Oil Pollution Threat to Chilika Biodiversity - The New Indian Express

Oil Pollution Threat to Chilika Biodiversity

Published: 04th March 2014 08:30 AM

Last Updated: 04th March 2014 08:31 AM

Environmental experts have warned against possibility of oil pollution in Chilika lagoon, thanks to the large number of ill-equipped mechanised country boats that ply in the lagoon. Their analysis is based on petroleum hydrocarbon (PHC) concentration found in certain segments of the 1,100 sq km brackish water lake.

A scientific report that has appeared in the latest edition of Current Science says that PHC concentration was found in outer channel, central as well as in souther sectors of the lake. Samples collected during September were analysed.

The results showed that outer channel of the lagoon had the highest PHC concentration of 330 microgram per litre whereas northern sector had the lowest - 50 microgram per litre. Similarly, PHC concentration in central and southern sectors was 280 microgram and 130 microgram respectively.

The central sector and outer channel have higher concentration of traditional non-motorised and motorised fishing boats while these two zones are also heart of the tourism activities which could be the reason for the high PHC value compared to other sectors, the report said.

Interestingly, PHC values in Arabian Sea goes up to 305 microgram, reaches 123 microgram in Visakhapatnam harbour, 139 microgram at Chennai harbour and ranges between 14 and 1,771 microgram between Chennai and Nagapattinam.

The report said oil leaks from the motorised vessels may impact lagoon environment directly or indirectly in Chilika since petroleum oil contains volatile organic compounds which partially evaporate by losing 20 per cent to 30 per cent of their mass.
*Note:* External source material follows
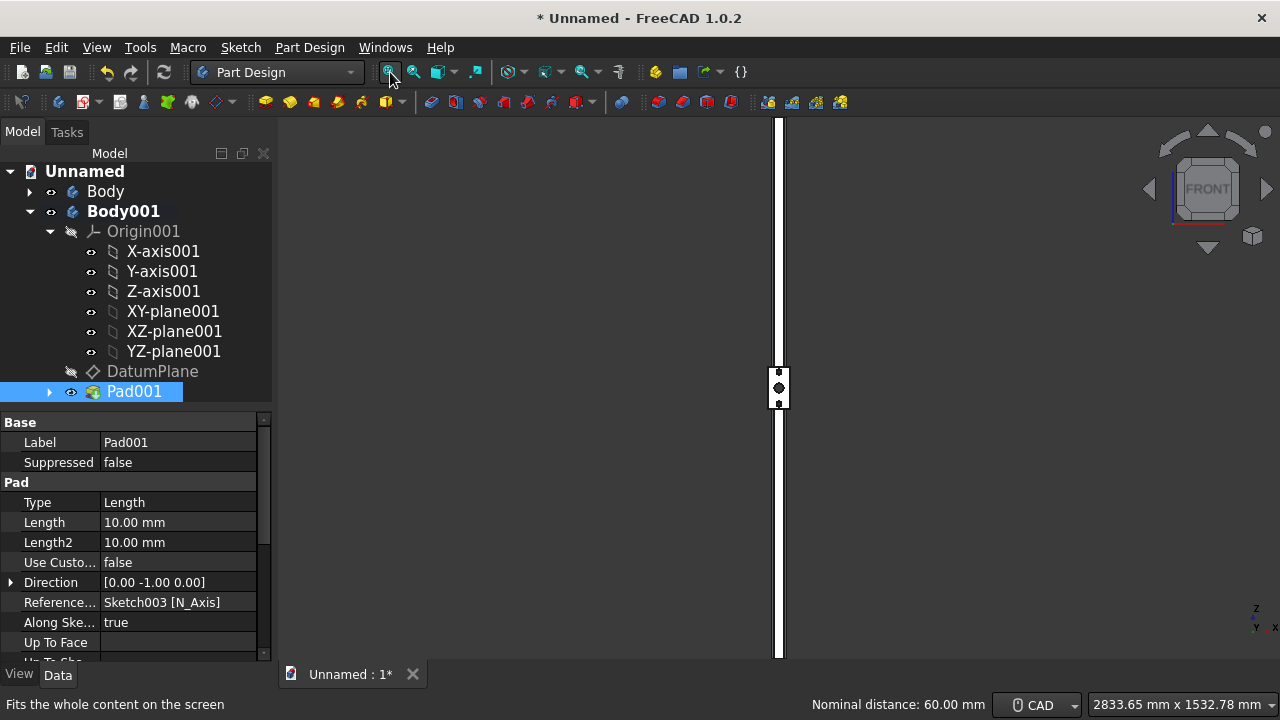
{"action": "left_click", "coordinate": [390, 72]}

These compounds become more viscous and dense which provide more resistance to oil flow. Though a small percentage of oil may dissolve, the residue can disperse invisibly to make a thick coating on the water surface posing problem for photosynthesis. Similarly, oil also mixes with suspended matter and sinks to the bottom affecting aquatic systems.

The experts, drawn from Department of Marine Sciences, Berhampur University, National Institute of Oceanography, Visakhapatnam and Indian National Centre for Ocean Information Services, felt that oil pollution can have an adverse impact on the birds and other wildlife. Irrawaddy Dolphins may also face health problems if the pollution level rises while outflux through outer channel to the Bay of Bengal could impact Olive Ridley turtles which nest on the State’s coast.

Over two lakh fishermen depend on Chilika for their livelihood. More than 5,000 non-motorised and 2,200-plus motorised boats are used for fishing in the lagoon.

The report has suggested that the problem can be solved by safer handling of fuel oil, awareness among boat owners and oil spill removal through bio-remedial and self-cleaning bacteria.